Sodium dodecyl sulfate–polyacrylamide gel electrophoresis (SDS-Page) was carried out to find the molecular weight profile of gelatins [41]. In brief, the powders were dissolved in 5% SDS at 60 °C and denatured at 90 °C for 5 min in a water bath. Samples were adjusted to final concentration of 2 mg/mL by adding 2 folds of sample buffer (2% SDS, 0.002% bromophenol blue, 5% mercaptoethanol). Following the application, 15 μL of each sample was applied onto a polyacrylamide gel composed of 5% stacking and 10% separating gels, and electrophoresis was conducted under a constant voltage of 120 V. After electrophoresis, the gels were stored in a gel fix solution consisting of 10% glacial acetic acid and 50% methanol for 45 min.
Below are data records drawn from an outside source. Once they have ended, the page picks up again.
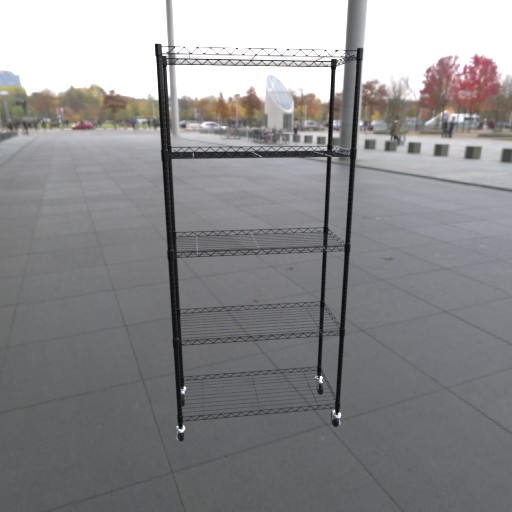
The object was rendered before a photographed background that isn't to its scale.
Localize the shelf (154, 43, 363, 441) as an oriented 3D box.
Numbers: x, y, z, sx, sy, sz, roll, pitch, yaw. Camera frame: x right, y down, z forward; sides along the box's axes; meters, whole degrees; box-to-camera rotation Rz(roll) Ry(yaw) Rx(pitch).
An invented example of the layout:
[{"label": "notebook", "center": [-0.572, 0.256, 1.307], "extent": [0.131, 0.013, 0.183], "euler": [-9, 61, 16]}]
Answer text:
[{"label": "shelf", "center": [0.000, 0.000, 1.953], "extent": [0.762, 1.645, 0.356], "euler": [-2, 17, -8]}]
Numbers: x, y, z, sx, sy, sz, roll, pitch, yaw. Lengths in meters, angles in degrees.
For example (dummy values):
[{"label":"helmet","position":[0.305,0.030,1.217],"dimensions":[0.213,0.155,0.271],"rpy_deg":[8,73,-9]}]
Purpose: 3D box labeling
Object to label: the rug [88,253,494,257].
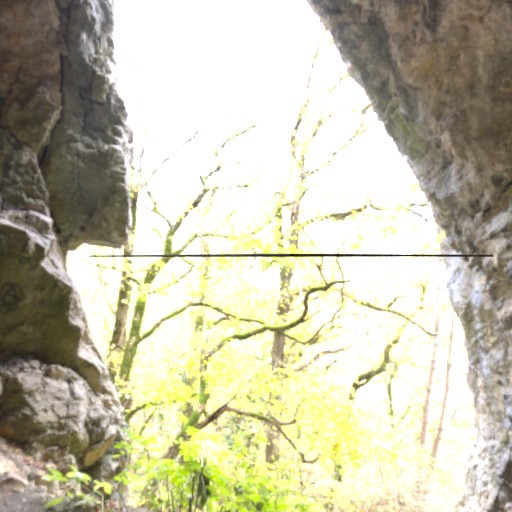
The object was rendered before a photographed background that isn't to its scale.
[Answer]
[{"label":"rug","position":[0.000,0.000,3.037],"dimensions":[1.541,0.012,2.457],"rpy_deg":[0,0,-37]}]
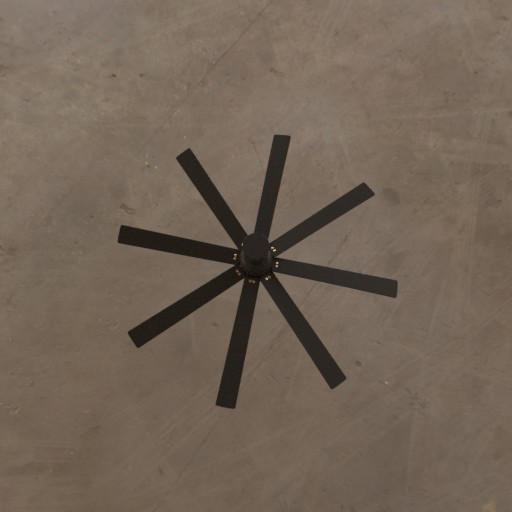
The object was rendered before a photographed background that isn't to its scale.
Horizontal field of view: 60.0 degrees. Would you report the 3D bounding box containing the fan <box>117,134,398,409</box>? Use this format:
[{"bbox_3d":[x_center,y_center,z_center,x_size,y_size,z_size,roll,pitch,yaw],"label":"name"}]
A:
[{"bbox_3d":[0.000,0.000,2.725,1.830,0.472,1.830,-33,78,-8],"label":"fan"}]

Subsequently, they were transferred to the dyeing solution (G20 Stain, Bio-rad, Hercules, CA, USA) and kept for 45 min. Finally, the gels were destained using a solution containing 50% methanol and 7.5% glacial acetic acid.

4.2.8. Thermal Analysis

The thermogravimetric profile of the gelatin powders was examined using a thermogravimetric analyzer (Shimadzu DTG-60H, Shimadzu Corporation, Kyoto, Japan) in platinum TGA pans. Heating was conducted at a rate of 10 °C/min within the temperature limits of 30 to 800 °C under an inert (N2) atmosphere [42].
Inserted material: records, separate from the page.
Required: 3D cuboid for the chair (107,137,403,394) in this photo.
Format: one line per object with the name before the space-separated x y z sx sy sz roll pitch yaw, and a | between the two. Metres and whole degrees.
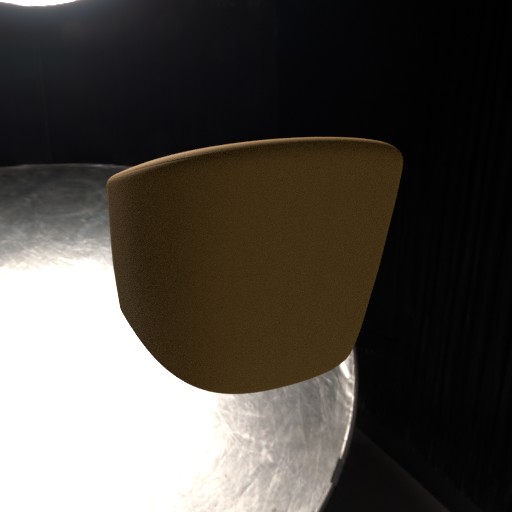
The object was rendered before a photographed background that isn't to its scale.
chair | 0.000 0.000 1.348 0.773 0.698 0.767 -7 17 -26
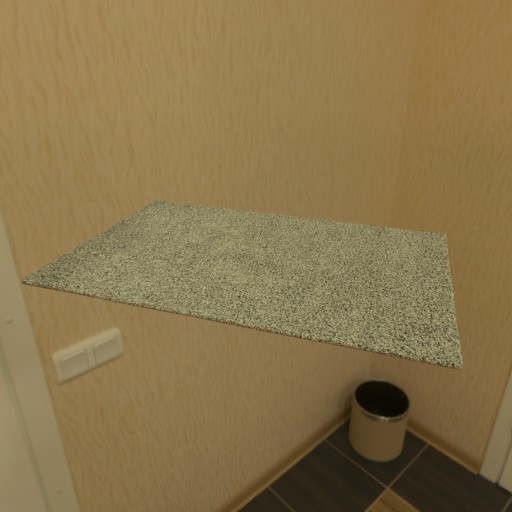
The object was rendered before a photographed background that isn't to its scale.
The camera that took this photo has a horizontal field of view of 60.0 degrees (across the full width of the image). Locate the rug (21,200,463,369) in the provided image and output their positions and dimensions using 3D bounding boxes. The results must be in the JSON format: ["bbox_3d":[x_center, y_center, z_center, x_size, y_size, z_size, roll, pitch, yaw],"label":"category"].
[{"bbox_3d":[0.000,0.000,3.328,2.743,0.030,1.778,8,27,17],"label":"rug"}]
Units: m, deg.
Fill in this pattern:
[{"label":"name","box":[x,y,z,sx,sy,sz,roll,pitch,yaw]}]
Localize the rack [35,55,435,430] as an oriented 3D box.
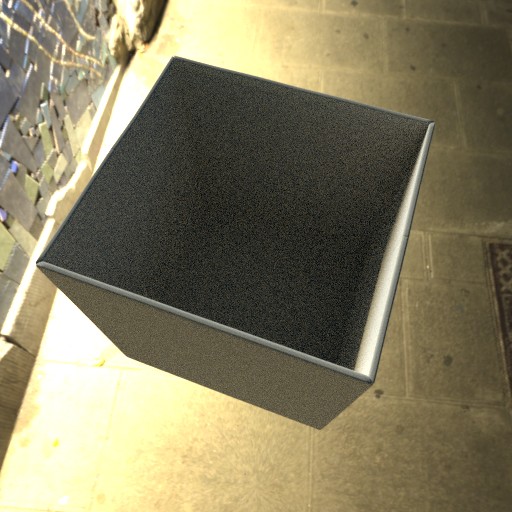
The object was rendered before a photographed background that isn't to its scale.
[{"label":"rack","box":[0.000,0.000,0.498,0.270,0.280,0.270,18,64,9]}]
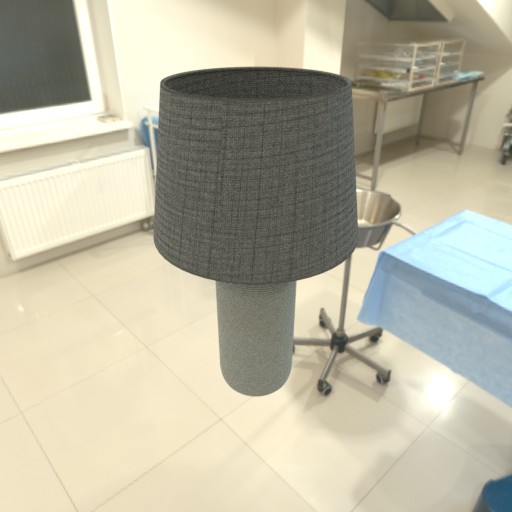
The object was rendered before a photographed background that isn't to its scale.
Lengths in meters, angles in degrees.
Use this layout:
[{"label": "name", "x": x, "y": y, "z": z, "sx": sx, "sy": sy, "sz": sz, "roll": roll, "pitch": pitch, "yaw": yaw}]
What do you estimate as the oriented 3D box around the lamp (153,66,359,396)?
[{"label": "lamp", "x": 0.000, "y": 0.000, "z": 0.574, "sx": 0.251, "sy": 0.429, "sz": 0.251, "roll": 0, "pitch": 31, "yaw": 0}]
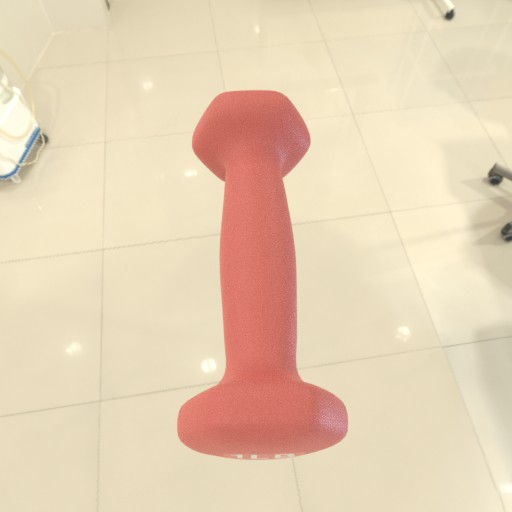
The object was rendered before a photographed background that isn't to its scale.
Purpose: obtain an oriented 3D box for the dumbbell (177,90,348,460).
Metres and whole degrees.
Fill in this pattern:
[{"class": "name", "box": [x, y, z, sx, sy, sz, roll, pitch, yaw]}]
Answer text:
[{"class": "dumbbell", "box": [0.000, 0.000, 0.148, 0.047, 0.043, 0.123, -2, 59, -1]}]
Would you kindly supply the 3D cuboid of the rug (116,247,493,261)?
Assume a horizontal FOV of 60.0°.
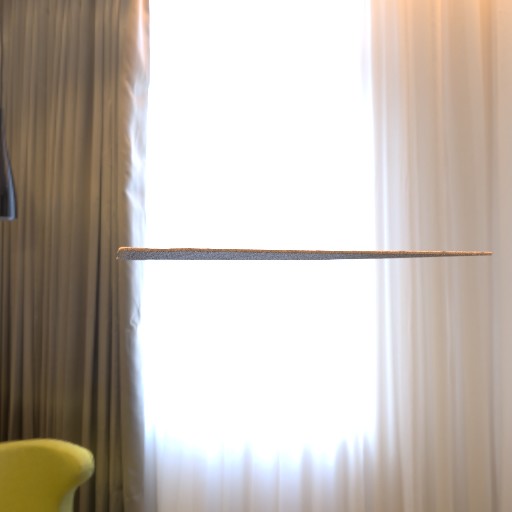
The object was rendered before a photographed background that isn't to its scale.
[{"bbox_3d":[0.000,0.000,4.098,2.453,0.043,3.052,0,-1,-18],"label":"rug"}]
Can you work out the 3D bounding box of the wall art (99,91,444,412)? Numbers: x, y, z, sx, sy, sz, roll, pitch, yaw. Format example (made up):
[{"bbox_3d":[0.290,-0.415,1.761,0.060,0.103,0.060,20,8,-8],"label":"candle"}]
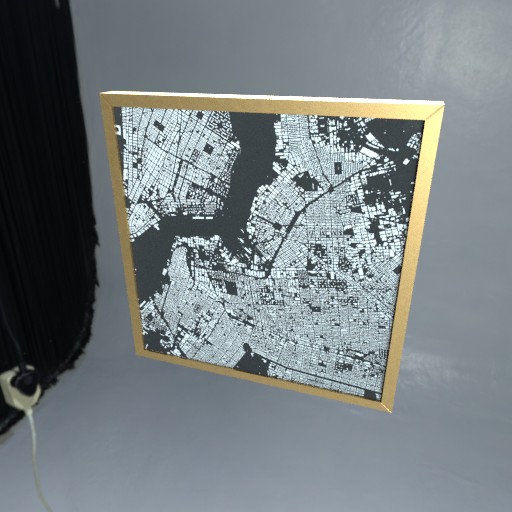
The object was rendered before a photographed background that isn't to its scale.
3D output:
[{"bbox_3d":[0.000,0.000,1.894,1.284,1.284,0.095,8,26,17],"label":"wall art"}]
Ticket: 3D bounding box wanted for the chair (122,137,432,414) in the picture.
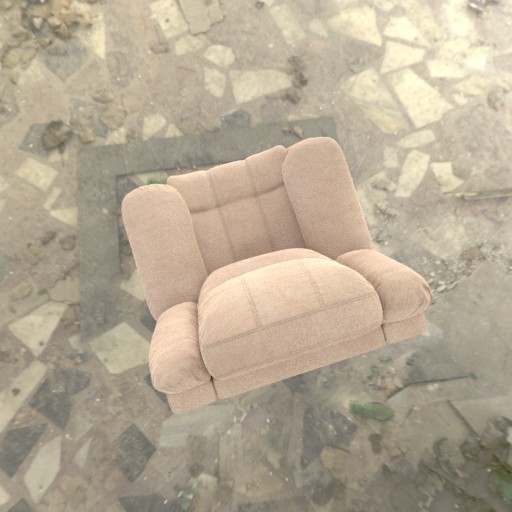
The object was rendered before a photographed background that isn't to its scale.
[{"bbox_3d":[0.000,0.000,1.759,0.899,1.008,0.944,-17,75,-4],"label":"chair"}]
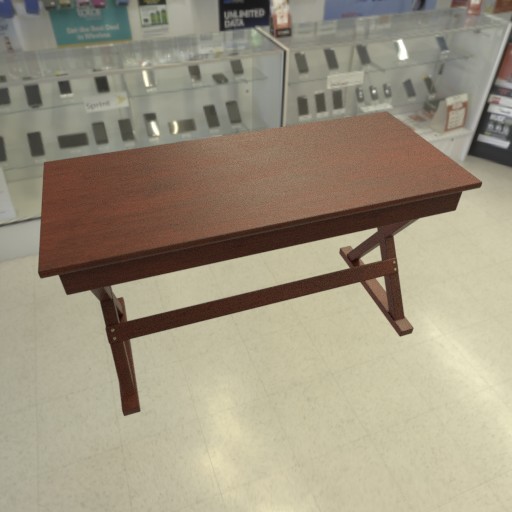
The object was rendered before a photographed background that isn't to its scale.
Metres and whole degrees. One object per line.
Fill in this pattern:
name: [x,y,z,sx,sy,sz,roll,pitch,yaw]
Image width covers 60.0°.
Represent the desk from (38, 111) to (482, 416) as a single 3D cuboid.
desk: [0.000,0.000,1.756,1.372,0.761,0.600,-12,43,-14]
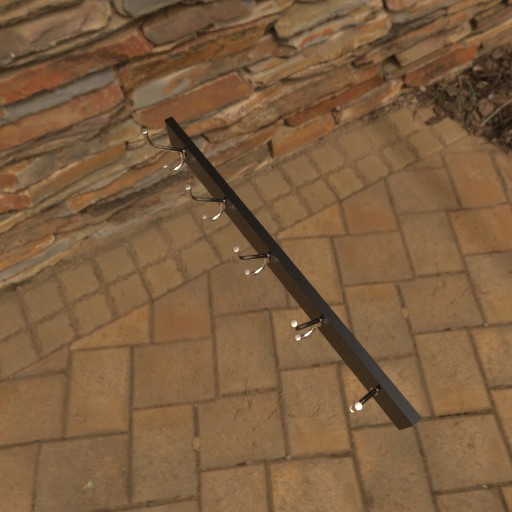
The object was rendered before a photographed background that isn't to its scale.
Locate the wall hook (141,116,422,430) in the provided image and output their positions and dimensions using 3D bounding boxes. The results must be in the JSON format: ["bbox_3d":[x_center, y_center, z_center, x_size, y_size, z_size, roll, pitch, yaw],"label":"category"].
[{"bbox_3d":[0.000,0.000,0.612,0.071,0.117,0.571,-33,68,-15],"label":"wall hook"}]

4.2.9. UV-Vis Absorption Spectrum

UV absorption spectra of powdered gelatins were analyzed using a modified version of the method outlined by Ruan et al. [2]. For the analysis, 25 mg of gelatin powders were solubilized in 50 mL of 0.5 M acetic acid solution and maintained in a 60 °C water bath for 30 min. The spectrum profile was determined within the 190–330 nm range at a scanning speed of 0.2 nm/s using a blank-corrected spectrophotometer (UV-Mini 1240 UV-VIS, Shimadzu, Kyoto, Japan) [2].
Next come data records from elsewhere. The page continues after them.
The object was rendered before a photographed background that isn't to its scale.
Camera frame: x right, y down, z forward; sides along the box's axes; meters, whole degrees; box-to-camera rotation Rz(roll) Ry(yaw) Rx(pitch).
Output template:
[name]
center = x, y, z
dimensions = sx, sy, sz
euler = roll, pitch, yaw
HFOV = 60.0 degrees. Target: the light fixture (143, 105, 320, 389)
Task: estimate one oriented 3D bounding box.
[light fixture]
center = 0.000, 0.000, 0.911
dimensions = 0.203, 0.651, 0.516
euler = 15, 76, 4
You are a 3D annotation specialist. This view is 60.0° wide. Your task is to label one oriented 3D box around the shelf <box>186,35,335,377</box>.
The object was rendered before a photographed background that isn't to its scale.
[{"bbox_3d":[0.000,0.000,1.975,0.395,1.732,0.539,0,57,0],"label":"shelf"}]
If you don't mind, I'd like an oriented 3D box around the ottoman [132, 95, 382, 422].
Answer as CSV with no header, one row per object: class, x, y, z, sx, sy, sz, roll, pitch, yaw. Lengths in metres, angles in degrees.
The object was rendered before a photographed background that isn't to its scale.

4.2.10. Morphological Characterization of Gelatin Powders

Microstructure and surface morphology of gelatin powders were examined by the Scanning electron microscopy (SEM) (Zeiss Sigma 300, Zeiss Co., Oberkochen, Germany). Prior to image acquisition, gelatin powders were frozen and then coated with gold. The samples were imaged at a magnification of 3.00 and 5.00 K × and an acceleration voltage of 10 kV [9].

4.3. Statistical Analysis

All experimental analyses were conducted at least in triplicate and mean values were given with ±standard deviation. Datasets were subjected to one-way ANOVA and subsequently compared using Tukey’s HSD test at a 95% significance level. SPSS v22.0 (Chicago, IL, USA) was used for statistical analysis.